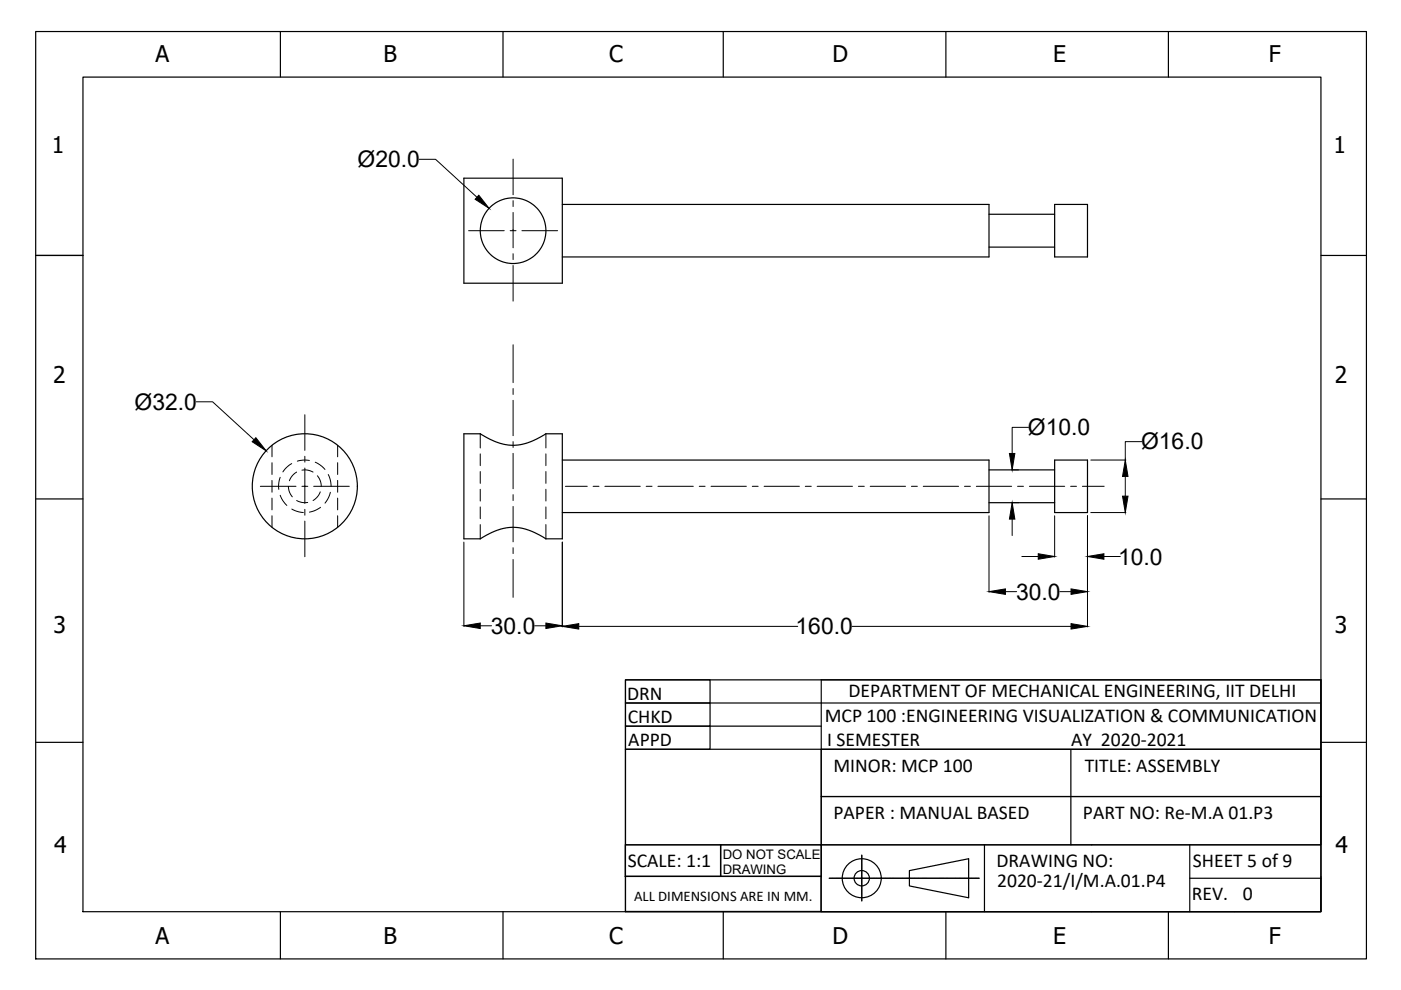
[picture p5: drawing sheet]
<svg xmlns="http://www.w3.org/2000/svg" width="297mm" height="210mm" viewBox="0 0 297 210" stroke-linecap="round" stroke-linejoin="round" font-family="sans-serif">
<defs><g id="words">
<g font-size="4.9">
<text x="33" y="13.2">A</text>
<text x="81.3" y="13.2">B</text>
<text x="129.1" y="13.2">C</text>
<text x="176.5" y="13.2">D</text>
<text x="223.3" y="13.2">E</text>
<text x="269" y="13.2">F</text>
<text x="11" y="32.5">1</text>
<text x="75.8" y="35.5">Ø20.0</text>
<text x="282.7" y="32.5">1</text>
<text x="11.3" y="81.2">2</text>
<text x="283" y="81.2">2</text>
<text x="28.5" y="86.9">Ø32.0</text>
<text x="217.9" y="92.3">Ø10.0</text>
<text x="241.9" y="95.3">Ø16.0</text>
<text x="237.1" y="119.7">10.0</text>
<text x="215.4" y="127.2">30.0</text>
<text x="11.3" y="134.2">3</text>
<text x="104.1" y="134.4">30.0</text>
<text x="168.7" y="134.5">160.0</text>
<text x="283" y="134.2">3</text>
<text x="11.5" y="180.8">4</text>
<text x="283.2" y="180.8">4</text>
<text x="33" y="200.1">A</text>
<text x="81.3" y="200.1">B</text>
<text x="129.1" y="200.1">C</text>
<text x="176.5" y="200.1">D</text>
<text x="223.3" y="200.1">E</text>
<text x="269" y="200.1">F</text>
</g>
<g font-size="4.2">
<text x="132.9" y="148.3">DRN</text>
<text x="179.9" y="147.7">DEPARTMENT OF MECHANICAL ENGINEERING, IIT DELHI</text>
<text x="133.1" y="153.2">CHKD</text>
<text x="174.9" y="153.1">MCP 100 :ENGINEERING VISUALIZATION &amp; COMMUNICATION</text>
<text x="133.2" y="158.1">APPD</text>
<text x="175.4" y="158.2">I SEMESTER</text>
<text x="227.1" y="158.2">AY 2020-2021</text>
<text x="176.7" y="163.6">MINOR: MCP 100</text>
<text x="230" y="163.6">TITLE: ASSEMBLY</text>
<text x="176.7" y="173.6">PAPER : MANUAL BASED</text>
<text x="229.6" y="173.7">PART NO: Re-M.A 01.P3</text>
<text x="133.1" y="183.9">SCALE: 1:1</text>
<text x="211.3" y="183.8">DRAWING NO:</text>
<text x="252.9" y="183.7">SHEET 5 of 9</text>
<text x="211.4" y="188">2020-21/I/M.A.01.P4</text>
<text x="252.7" y="190.8">REV.</text>
<text x="263.5" y="190.8">0</text>
</g>
<text font-size="3.1" x="134.4" y="191">ALL DIMENSIONS ARE IN MM.</text>
<g font-size="2.8">
<text x="153.2" y="182.2">DO NOT SCALE</text>
<text x="153.2" y="185.2">DRAWING</text>
</g>
</g></defs>
<!-- layer: PDF2_Geometry -->
<g fill="none" stroke="#000" stroke-width=".25">
<path d="M7.6 6.7h282.1v196.6h-282.1zM17.6 16.3h262.5v177h-262.5zM59.4 6.7v9.6M106.6 6.7v9.6M153.3 6.7v9.6M200.5 6.7v9.6M247.7 6.7v9.6M7.6 54.2h10M280.1 54.2h9.6M7.6 105.8h10M280.1 105.8h9.6M7.6 157.4h10"/>
<path d="M132.6 144.1h147.5v49.2h-147.5zM132.6 158.9h41.5v20.2h-41.5zM132.6 154h17.9v4.9h-17.9zM132.6 144.1h17.9v5h-17.9zM132.6 149.1h17.9v4.9h-17.9zM150.5 149.1h129.6M150.5 154h23.6M174.1 144.1v14.8h106v-14.8M174.1 158.9h106v10h-106zM280.1 157.4h9.6M132.6 179.1h20.2v6.7h-20.2zM152.8 179.1h21.3v6.7h-21.3z"/>
<path d="M174.1 168.9h106v10.2h-106zM174.1 179.1v6.7M174.1 179.1h105.9M252.3 179.1v14.2M59.4 193.4v9.9M106.6 193.3v10M132.6 185.8h41.5v7.4h-41.5zM153.3 193.3v10M174.1 185.8v7.5h87.7M200.5 193.3v10M247.7 193.3v10M252.3 186.2h27.8"/>
<path d="M280.1 185.8v7.5h-18.3"/>
</g>
<!-- layer: PDF2_Text -->
<path d="M174.1 144.1h106" fill="none" stroke="#000" stroke-width=".25"/>
<!-- layer: 0 -->
<g fill="none" stroke="#000" stroke-width=".25">
<path d="M98.4 37.8h20.8v22.2h-20.8zM119.2 43.3h90.5v11.2h-90.5M209.7 52.4h13.9M209.7 45.4h13.9M223.6 43.3h7v11.2h-7zM98.4 92h3.4l.7 .4a10.7 10.7 0 0 0 12.6 0l.6-.4h3.5v22.2h-3.5l-.6-.4a10.8 10.8 0 0 0-12.7 .1l-.6 .3h-3.4zM119.2 97.5h90.5v11.2h-90.5M209.7 99.6h13.9M223.6 97.5h7v11.2h-7zM209.7 106.6h13.9M227 158.9v20.2M208.7 179.1v14.2"/>
<path d="M175.8 186.2h31.8M182.7 181.3v9.7M192.8 184.6l12.6-2.5v8.2l-12.6-2.5z"/>
<circle cx="108.8" cy="48.9" r="7"/>
<circle cx="64.6" cy="103.1" r="11.1"/>
<circle cx="182.7" cy="186.2" r="4.1"/>
<circle cx="182.7" cy="186.2" r="1.62"/>
</g>
<g fill="none" stroke="#000" stroke-width=".21">
<path d="M88.9 33.8h3.5l8.7 8M108.8 33.7v7.6M99.3 48.9h7.6M108.2 48.9h1.2M108.7 48.8h.1M108.8 42.5v1.3M108.8 45v7.5M108.8 53.8v1.2M108.8 56.3v7.5M110.7 48.9h7.5M108.8 73.1v8M41.6 85.2h3.5l8.8 8"/>
<path d="M57.7 94.4v2.5M57.7 98.1v2.5M61.8 98.3l-1 .7-.8 1.1M64 99.7h1.1l1.3 .4M64.6 87.9v7.6M64.6 96.7v1.3M64.6 99.2v7.5M65.6 97.6h-1.3l-1.3 .2M66.8 98l1.1 .6 1 .9M71.6 94.4v2.5M71.6 98.1v2.5M101.8 92v3"/>
<path d="M101.8 96.2v2.5M101.8 100v2.5M108.8 82.4v1.2M108.8 84.9v7.5M108.8 93.6v1.3M108.8 96.1v7.5M115.7 92v3M115.7 96.2v2.5M115.7 100v2.5M214.5 99.6h1.5M218.1 90.6h-3.5v5.5M231.3 97.5h7.4"/>
<path d="M242.1 93.6h-3.5v3.9M55.2 103.1h7.6M57.7 101.9v2.5M57.7 105.6v2.5M57.7 109.4v2.4M59.4 101.2l-.3 1.2v1.4M59.4 105l.5 1.1 .9 1.1M61.2 103.1l.2 1.3 .6 .9M61.9 107.9l1 .5 1.4 .3M62.9 100.1l-.9 .7-.6 1.1M62.9 106.1l1.1 .4h1.2M64 103.1h1.3"/>
<path d="M64.6 108v1.2M64.6 110.5v7.5M66.5 103.1h7.6M67.3 100.9l.6 1.1 .2 1.1M67.9 104.3l-.5 .9-1 .9M68 107.6l-1.4 .7-1 .3M69.6 100.6l.4 1.1 .2 1.4M70 104.4l-.3 1-.8 1.3M71.6 101.9v2.5M71.6 105.6v2.5M71.6 109.4v2.4M98.4 114.9v17.9"/>
<path d="M101.8 103.7v2.5M101.8 107.5v2.5M101.8 111.2v3M108.8 104.9v1.2M108.8 107.4v7.5M108.8 116.1v1.3M108.8 118.6v8.1M115.7 103.7v2.5M115.7 107.5v2.5M115.7 111.2v3M119.2 114.9v18M119.9 103.1h4.6"/>
<path d="M125.8 103.1h1.2M128.2 103.1h7.6M137 103.1h1.3M139.5 103.1h7.5M148.3 103.1h1.2M150.7 103.1h7.5M159.5 103.1h1.3M162 103.1h7.5M170.7 103.1h1.3M173.2 103.1h7.5M182 103.1h1.3M184.5 103.1h7.5"/>
<path d="M193.2 103.1h1.3M195.7 103.1h7.5M204.5 103.1h1.2M207 103.1h7.5M209.7 109.4v16.2M214.5 106.6h1.5M214.6 110.1v3.4M215.7 103.1h1.3M216.7 118h3.4M218.2 103.1h7.5M223.6 109.4v8.7M227 103.1h1.2"/>
<path d="M229.5 103.1h4.6M230.6 109.4v23.5M231.3 108.7h7.4M234.1 118h3.4M238.6 101v4.2M101.8 132.7h2.4M113.4 132.7h2.3M122.7 132.8h46.4M180.7 132.8h46.4M213.2 125.4h2.4M224.7 125.4h2.4"/>
</g>
<g fill="#000" stroke="#000" stroke-width=".21">
<path d="M101.5 41.4l2.2 2.8-3-2zM54.3 92.8l2.1 2.8-2.9-1.9zM214 96.1h1.2l-.6 3.5zM214.6 106.6l.6 3.5h-1.2zM220.1 117.4l3.5 .6-3.5 .6zM230.6 118l3.5-.6v1.2zM238 105.2h1.2l-.6 3.5zM238.6 97.5l.6 3.5h-1.2zM98.4 132.7l3.4-.6v1.2zM115.7 132.1l3.5 .6-3.5 .6zM119.2 132.8l3.5-.6v1.2zM209.7 125.4l3.5-.5v1.1z"/>
<path d="M227.1 132.2l3.5 .6-3.5 .6zM227.1 124.9l3.5 .5-3.5 .6z"/>
</g>
<use href="#words"/>
</svg>

_EXERCISE BRIEF_.
Look through the material above for the word "ENGINEERING" and copy every line that has it.

_SOLUTION TO THE EXERCISE_.
<text x="179.9" y="147.7">DEPARTMENT OF MECHANICAL ENGINEERING, IIT DELHI</text>
<text x="174.9" y="153.1">MCP 100 :ENGINEERING VISUALIZATION &amp; COMMUNICATION</text>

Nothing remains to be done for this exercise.